With an open Ddrt and a nice "advanced" hitch......like a VT..... its Grab, and Pull.......you can thrust if necessary but its not always necessary......oh, and the knot just moved up for you, and re set it self....ain't that puuuurdy?

I've now thrown my lanyard and started my saw while you're still setting your knot or moving it up.....and all with a smile.:msp_biggrin:


----------



## oscar4883 (May 9, 2012)

I like knots on my hitch cord so I can adjust the length to what I have found works well for me. Like SOM mentioned try adjusting the tail length. Distel is a good hitch. So is the VT. I use the XT and it is real nice. It sets very reliably like the Distel and it is not to grabby.


----------



## beastmaster (May 9, 2012)

Make sure your tying it right and keep adding loops tell it holds you. I use a Vt to attach to other ropes to lift loads with a double pulley system and it lifts a lot more then your 245lbs without slipping. Just a matter of dialing it in. Nice thing also about a hitch climber system is they can pull you up from the ground if you can get the groundies to do it for you that is. :biggrin:


----------



## freeweight (May 10, 2012)

that can be done by adding a pully under my blakes ,same end result and u know what ,i dont have to adjust my glasses to see the small @ss e2e cord.....or buy vaseline to put on my pointer finger and thumb after i descend since they will be burnt to ell


----------



## beastmaster (May 10, 2012)

I use to use a split tail with a blakes hitch, nothing wrong with that at all. I used a really short tail so the knot was in close tight, I do think I have way more control at my finger tips with a Vt. Personal preference I guess, but the pulley to advance your knot no matter what system your using is a no brainer. If your not using one your cheating your self and making your job harder then it has to be.


----------



## freeweight (May 10, 2012)

different strokes i guess.....

i just really dislike the extra equipment needed for advanced hitches ,just like it simple


----------



## cjtreeclimber (May 16, 2012)

Some of the best and most competitive tree climbers use the hitch climber set up.
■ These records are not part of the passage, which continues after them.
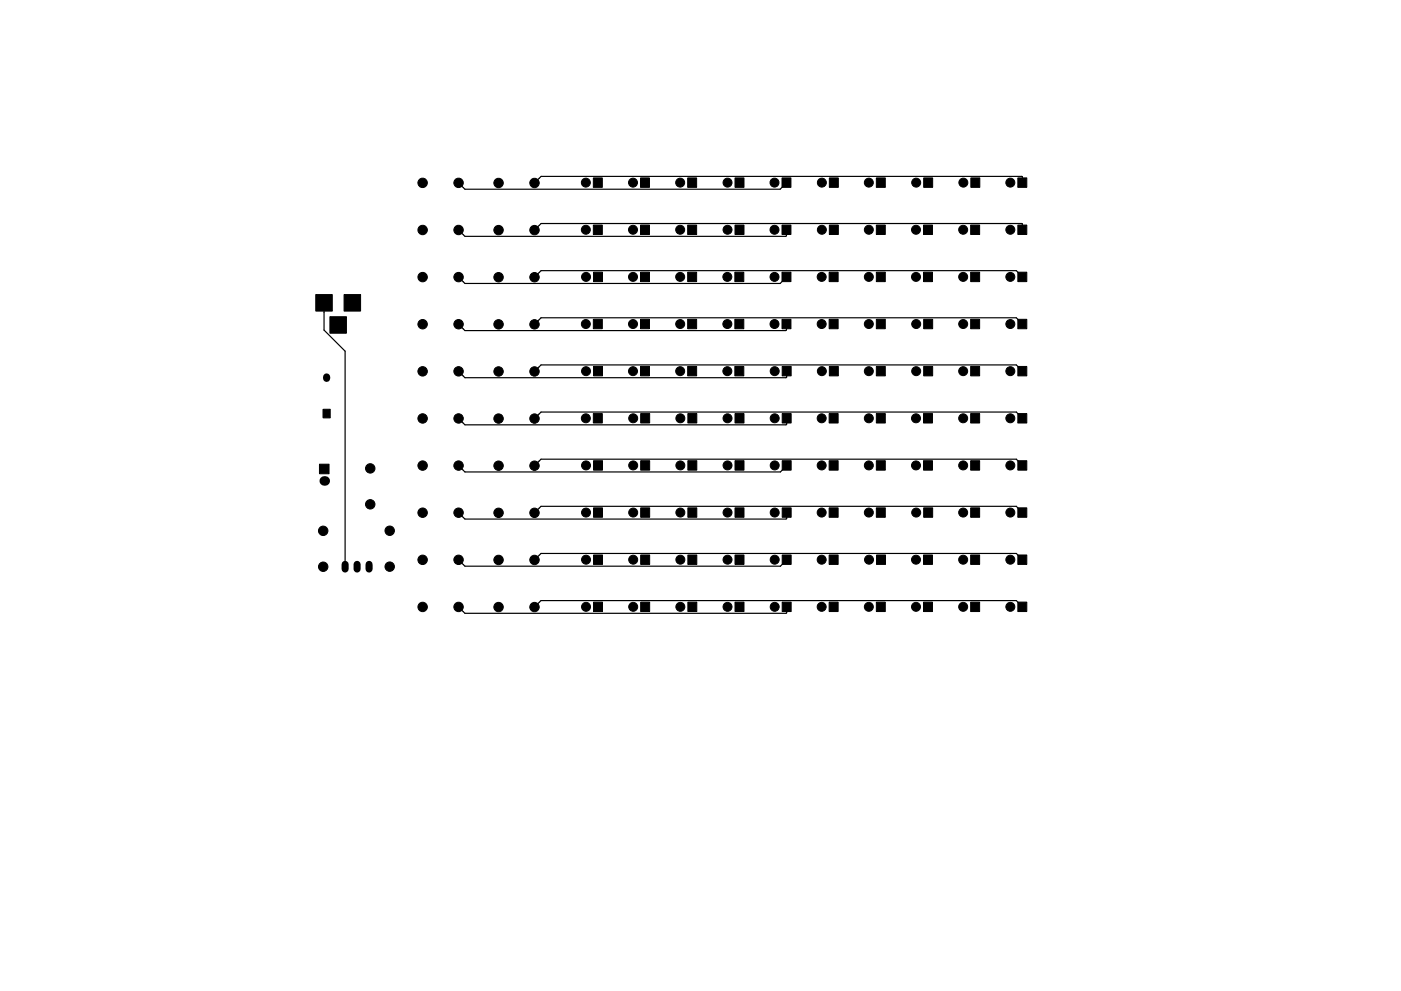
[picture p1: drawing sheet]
<svg xmlns="http://www.w3.org/2000/svg" width="297mm" height="210mm" viewBox="0 0 297 210" stroke-linecap="round" stroke-linejoin="round" font-family="sans-serif">
<g fill="#000" stroke="#000" stroke-width=".21">
<path d="M125.8 37.7h1.9v2h-1.9zM135.8 37.7h1.9v2h-1.9zM145.8 37.7h1.9v2h-1.9zM155.8 37.7h1.9v2h-1.9zM165.8 37.7h1.9v2h-1.9zM175.8 37.7h1.9v2h-1.9zM185.8 37.7h1.9v2h-1.9zM195.8 37.7h1.9v2h-1.9zM205.8 37.7h1.9v2h-1.9zM215.8 37.7h1.9v2h-1.9zM125.8 47.7h1.9v2h-1.9zM125.8 57.7h1.9v2h-1.9z"/>
<path d="M135.8 47.7h1.9v2h-1.9zM135.8 57.7h1.9v2h-1.9zM145.8 47.7h1.9v2h-1.9zM145.8 57.7h1.9v2h-1.9zM155.8 57.7h1.9v2h-1.9zM155.8 47.7h1.9v2h-1.9zM165.8 47.7h1.9v2h-1.9zM165.8 57.7h1.9v2h-1.9zM175.8 57.7h1.9v2h-1.9zM175.8 47.7h1.9v2h-1.9zM185.8 47.7h1.9v2h-1.9zM185.8 57.7h1.9v2h-1.9z"/>
<path d="M195.8 47.7h1.9v2h-1.9zM195.8 57.7h1.9v2h-1.9zM205.8 47.7h1.9v2h-1.9zM205.8 57.7h1.9v2h-1.9zM215.8 47.7h1.9v2h-1.9zM215.8 57.7h1.9v2h-1.9zM67 62.5h3.5v3.5h-3.5zM70 67.2h3.5v3.5h-3.5zM73 62.5h3.5v3.5h-3.5zM125.8 67.7h1.9v2h-1.9zM125.8 77.7h1.9v2h-1.9zM135.8 67.7h1.9v2h-1.9z"/>
<path d="M135.8 77.7h1.9v2h-1.9zM145.8 67.7h1.9v2h-1.9zM145.8 77.7h1.9v2h-1.9zM155.8 67.7h1.9v2h-1.9zM155.8 77.7h1.9v2h-1.9zM165.8 67.7h1.9v2h-1.9zM165.8 77.7h1.9v2h-1.9zM175.8 67.7h1.9v2h-1.9zM175.8 77.7h1.9v2h-1.9zM185.8 67.7h1.9v2h-1.9zM185.8 77.7h1.9v2h-1.9zM195.8 67.7h1.9v2h-1.9z"/>
<path d="M195.8 77.7h1.9v2h-1.9zM205.8 67.7h1.9v2h-1.9zM205.8 77.7h1.9v2h-1.9zM215.8 67.7h1.9v2h-1.9zM215.8 77.7h1.9v2h-1.9zM68.5 86.8h1.5v1.9h-1.5zM125.8 87.7h1.9v2h-1.9zM125.8 97.7h1.9v2h-1.9zM135.8 87.7h1.9v2h-1.9zM135.8 97.7h1.9v2h-1.9zM145.8 87.7h1.9v2h-1.9zM145.8 97.7h1.9v2h-1.9z"/>
<path d="M155.8 87.7h1.9v2h-1.9zM155.8 97.7h1.9v2h-1.9zM165.8 87.7h1.9v2h-1.9zM165.8 97.7h1.9v2h-1.9zM175.8 87.7h1.9v2h-1.9zM175.8 97.7h1.9v2h-1.9zM185.8 87.7h1.9v2h-1.9zM185.8 97.7h1.9v2h-1.9zM195.8 87.7h1.9v2h-1.9zM195.8 97.7h1.9v2h-1.9zM205.8 87.7h1.9v2h-1.9zM205.8 97.7h1.9v2h-1.9z"/>
<path d="M215.8 87.7h1.9v2h-1.9zM215.8 97.7h1.9v2h-1.9zM67.7 98.5h2.1v2h-2.1zM125.8 107.7h1.9v2h-1.9zM125.8 117.7h1.9v2h-1.9zM135.8 107.7h1.9v2h-1.9zM135.8 117.7h1.9v2h-1.9zM145.8 107.7h1.9v2h-1.9zM145.8 117.7h1.9v2h-1.9zM155.8 107.7h1.9v2h-1.9zM155.8 117.7h1.9v2h-1.9zM165.8 107.7h1.9v2h-1.9z"/>
<path d="M165.8 117.7h1.9v2h-1.9zM175.8 107.7h1.9v2h-1.9zM175.8 117.7h1.9v2h-1.9zM185.8 107.7h1.9v2h-1.9zM185.8 117.7h1.9v2h-1.9zM195.8 117.7h1.9v2h-1.9zM195.8 107.7h1.9v2h-1.9zM205.8 107.7h1.9v2h-1.9zM205.8 117.7h1.9v2h-1.9zM215.8 107.7h1.9v2h-1.9zM215.8 117.7h1.9v2h-1.9zM125.8 127.7h1.9v2h-1.9z"/>
<path d="M135.8 127.7h1.9v2h-1.9zM145.8 127.7h1.9v2h-1.9zM155.8 127.7h1.9v2h-1.9zM165.8 127.7h1.9v2h-1.9zM175.8 127.7h1.9v2h-1.9zM185.8 127.7h1.9v2h-1.9zM195.8 127.7h1.9v2h-1.9zM205.8 127.7h1.9v2h-1.9zM215.8 127.7h1.9v2h-1.9z"/>
<circle cx="89.6" cy="38.8" r="1"/>
<circle cx="97.2" cy="38.8" r="1"/>
<circle cx="105.7" cy="38.8" r="1"/>
<circle cx="113.3" cy="38.8" r="1"/>
<circle cx="124.2" cy="38.7" r=".95"/>
<circle cx="134.2" cy="38.7" r=".95"/>
<circle cx="144.2" cy="38.7" r=".95"/>
<circle cx="154.2" cy="38.7" r=".95"/>
<circle cx="164.2" cy="38.7" r=".95"/>
<circle cx="174.2" cy="38.7" r=".95"/>
<circle cx="184.2" cy="38.7" r=".95"/>
<circle cx="194.3" cy="38.7" r=".95"/>
<circle cx="204.2" cy="38.7" r=".95"/>
<circle cx="214.2" cy="38.7" r=".95"/>
<circle cx="89.6" cy="48.8" r="1"/>
<circle cx="89.6" cy="58.8" r="1"/>
<circle cx="97.2" cy="48.8" r="1"/>
<circle cx="97.2" cy="58.8" r="1"/>
<circle cx="105.7" cy="48.8" r="1"/>
<circle cx="105.7" cy="58.8" r="1"/>
<circle cx="113.3" cy="48.8" r="1"/>
<circle cx="113.3" cy="58.8" r="1"/>
<circle cx="124.2" cy="48.7" r=".95"/>
<circle cx="124.2" cy="58.7" r=".95"/>
<circle cx="134.2" cy="58.7" r=".95"/>
<circle cx="134.2" cy="48.7" r=".95"/>
<circle cx="144.2" cy="48.7" r=".95"/>
<circle cx="144.2" cy="58.7" r=".95"/>
<circle cx="154.2" cy="58.7" r=".95"/>
<circle cx="154.2" cy="48.7" r=".95"/>
<circle cx="164.2" cy="48.7" r=".95"/>
<circle cx="164.2" cy="58.7" r=".95"/>
<circle cx="174.2" cy="58.7" r=".95"/>
<circle cx="174.2" cy="48.7" r=".95"/>
<circle cx="184.2" cy="58.7" r=".95"/>
<circle cx="184.2" cy="48.7" r=".95"/>
<circle cx="194.2" cy="48.7" r=".95"/>
<circle cx="194.2" cy="58.7" r=".95"/>
<circle cx="204.2" cy="48.7" r=".95"/>
<circle cx="204.2" cy="58.7" r=".95"/>
<circle cx="214.2" cy="58.7" r=".95"/>
<circle cx="214.2" cy="48.7" r=".95"/>
<circle cx="89.6" cy="78.8" r="1"/>
<circle cx="89.6" cy="68.8" r="1"/>
<circle cx="97.2" cy="78.8" r="1"/>
<circle cx="97.2" cy="68.8" r="1"/>
<circle cx="105.7" cy="68.8" r="1"/>
<circle cx="105.7" cy="78.8" r="1"/>
<circle cx="113.3" cy="68.8" r="1"/>
<circle cx="113.3" cy="78.8" r="1"/>
<circle cx="124.2" cy="68.7" r=".95"/>
<circle cx="124.2" cy="78.7" r=".95"/>
<circle cx="134.2" cy="68.7" r=".95"/>
<circle cx="134.2" cy="78.7" r=".95"/>
<circle cx="144.2" cy="78.7" r=".95"/>
<circle cx="144.2" cy="68.7" r=".95"/>
<circle cx="154.2" cy="68.7" r=".95"/>
<circle cx="154.2" cy="78.7" r=".95"/>
<circle cx="164.2" cy="68.7" r=".95"/>
<circle cx="164.2" cy="78.7" r=".95"/>
<circle cx="174.2" cy="68.7" r=".95"/>
<circle cx="174.2" cy="78.7" r=".95"/>
<circle cx="184.2" cy="78.7" r=".95"/>
<circle cx="184.2" cy="68.7" r=".95"/>
<circle cx="194.3" cy="68.7" r=".95"/>
<circle cx="194.3" cy="78.7" r=".95"/>
<circle cx="204.2" cy="78.7" r=".95"/>
<circle cx="204.2" cy="68.7" r=".95"/>
<circle cx="214.2" cy="68.7" r=".95"/>
<circle cx="214.2" cy="78.7" r=".95"/>
<circle cx="78.5" cy="99.4" r="1"/>
<circle cx="89.6" cy="98.8" r="1"/>
<circle cx="89.6" cy="88.8" r="1"/>
<circle cx="97.2" cy="98.8" r="1"/>
<circle cx="97.2" cy="88.8" r="1"/>
<circle cx="105.7" cy="88.8" r="1"/>
<circle cx="105.7" cy="98.8" r="1"/>
<circle cx="113.3" cy="88.8" r="1"/>
<circle cx="113.3" cy="98.8" r="1"/>
<circle cx="124.2" cy="88.7" r=".95"/>
<circle cx="124.2" cy="98.7" r=".95"/>
<circle cx="134.2" cy="98.7" r=".95"/>
<circle cx="134.2" cy="88.7" r=".95"/>
<circle cx="144.2" cy="98.7" r=".95"/>
<circle cx="144.2" cy="88.7" r=".95"/>
<circle cx="154.2" cy="98.7" r=".95"/>
<circle cx="154.2" cy="88.7" r=".95"/>
<circle cx="164.2" cy="98.7" r=".95"/>
<circle cx="164.2" cy="88.7" r=".95"/>
<circle cx="174.2" cy="98.7" r=".95"/>
<circle cx="174.2" cy="88.7" r=".95"/>
<circle cx="184.2" cy="98.7" r=".95"/>
<circle cx="184.2" cy="88.7" r=".95"/>
<circle cx="194.2" cy="98.7" r=".95"/>
<circle cx="194.2" cy="88.7" r=".95"/>
<circle cx="204.2" cy="98.7" r=".95"/>
<circle cx="204.2" cy="88.7" r=".95"/>
<circle cx="214.2" cy="98.7" r=".95"/>
<circle cx="214.2" cy="88.7" r=".95"/>
<circle cx="68.5" cy="112.6" r="1"/>
<circle cx="78.5" cy="107" r="1"/>
<circle cx="82.6" cy="112.6" r="1"/>
<circle cx="89.6" cy="118.8" r="1"/>
<circle cx="89.6" cy="108.8" r="1"/>
<circle cx="97.2" cy="118.8" r="1"/>
<circle cx="97.2" cy="108.8" r="1"/>
<circle cx="105.7" cy="118.8" r="1"/>
<circle cx="105.7" cy="108.8" r="1"/>
<circle cx="113.3" cy="118.8" r="1"/>
<circle cx="113.3" cy="108.8" r="1"/>
<circle cx="124.2" cy="108.7" r=".95"/>
<circle cx="124.2" cy="118.7" r=".95"/>
<circle cx="134.2" cy="118.7" r=".95"/>
<circle cx="134.2" cy="108.7" r=".95"/>
<circle cx="144.2" cy="118.7" r=".95"/>
<circle cx="144.2" cy="108.7" r=".95"/>
<circle cx="154.2" cy="108.7" r=".95"/>
<circle cx="154.2" cy="118.7" r=".95"/>
<circle cx="164.2" cy="118.7" r=".95"/>
<circle cx="164.2" cy="108.7" r=".95"/>
<circle cx="174.2" cy="108.7" r=".95"/>
<circle cx="174.2" cy="118.7" r=".95"/>
<circle cx="184.2" cy="108.7" r=".95"/>
<circle cx="184.3" cy="118.7" r=".95"/>
<circle cx="194.2" cy="118.7" r=".95"/>
<circle cx="194.3" cy="108.7" r=".95"/>
<circle cx="204.2" cy="118.7" r=".95"/>
<circle cx="204.2" cy="108.7" r=".95"/>
<circle cx="214.2" cy="118.7" r=".95"/>
<circle cx="214.2" cy="108.7" r=".95"/>
<circle cx="68.5" cy="120.2" r="1"/>
<circle cx="82.6" cy="120.2" r="1"/>
<circle cx="89.6" cy="128.8" r="1"/>
<circle cx="97.2" cy="128.8" r="1"/>
<circle cx="105.7" cy="128.8" r="1"/>
<circle cx="113.3" cy="128.8" r="1"/>
<circle cx="124.2" cy="128.7" r=".95"/>
<circle cx="134.2" cy="128.7" r=".95"/>
<circle cx="144.2" cy="128.7" r=".95"/>
<circle cx="154.2" cy="128.7" r=".95"/>
<circle cx="164.2" cy="128.7" r=".95"/>
<circle cx="174.2" cy="128.7" r=".95"/>
<circle cx="184.2" cy="128.7" r=".95"/>
<circle cx="194.2" cy="128.7" r=".95"/>
<circle cx="204.2" cy="128.7" r=".95"/>
<circle cx="214.2" cy="128.7" r=".95"/>
</g>
<circle cx="68.7" cy="102" r="1.02" fill="#000"/>
<path d="M69.3 80v.3M73.2 119.7v1M75.7 119.7v1M78.3 119.7v1" fill="none" stroke="#000" stroke-width="1.5"/>
<g fill="none" stroke="#000" stroke-width=".25">
<path d="M166.7 38.7l-1.3 1.4h-66.8l-1.4-1.3M216.7 38.7v-1.3h-102l-1.4 1.4M166.7 48.7v1.3l-.1 .1h-68l-1.4-1.3M166.7 58.7l-1.3 1.4h-66.8l-1.4-1.3M216.7 48.7v-1.3h-102l-1.4 1.4M216.7 58.7l-1.2-1.3h-100.8l-1.4 1.4M68.7 64.2v5.8l4.5 4.5v45.7M166.7 68.7v1.3l-.1 .1h-68l-1.4-1.3M166.8 78.7v1.3l-.1 .1h-68.1l-1.4-1.3M216.7 68.7l-1.2-1.3h-100.8l-1.4 1.4M216.7 78.7l-1.2-1.3h-100.8l-1.4 1.4M166.8 88.7v1.3l-.1 .1h-68.1l-1.4-1.3"/>
<path d="M166.8 98.7l-1.3 1.4h-66.9l-1.4-1.3M216.7 88.7l-1.2-1.3h-100.8l-1.4 1.4M216.7 98.7l-1.2-1.3h-100.8l-1.4 1.4M166.8 108.7v1.3l-.1 .1h-68.1l-1.4-1.3M166.8 118.7l-1.3 1.4h-66.9l-1.4-1.3M216.7 108.7l-1.2-1.3h-100.8l-1.4 1.4M216.7 118.7l-1.2-1.3h-100.8l-1.4 1.4M166.8 128.7v1.3l-.1 .1h-68.1l-1.4-1.3M216.7 128.7l-1.2-1.3h-100.8l-1.4 1.4"/>
</g>
</svg>

I'm a new climber that's about to try out that vt prussic knot. I've been using that Swabich for a good while. I skipped out on using the eye and eye because I didn't have that extra 25 bucks for a silly small piece of rope but instead I went on found some stuff that was 5,000 pounds tensile strength (I don't recommend using cheap rope!!) and cut it at the right length, then used two scaffold knots (with an extra loop) to attach it to my biner. With some adjustments and another loop in my prussic knot I had that thing running smooth! Also watched some vids on how quick these guys traverse through the trees and it’s amazing when you get it going right. SO WITH ALL THAT SAID MY POINT IS: Just experiment with another loop or two on your prussic or a different prussic knot or even different length or width of cord and learn how to get your prussic knot working for you. Maybe you will get a good workout by the time you decide to install a pulley :cool2:


----------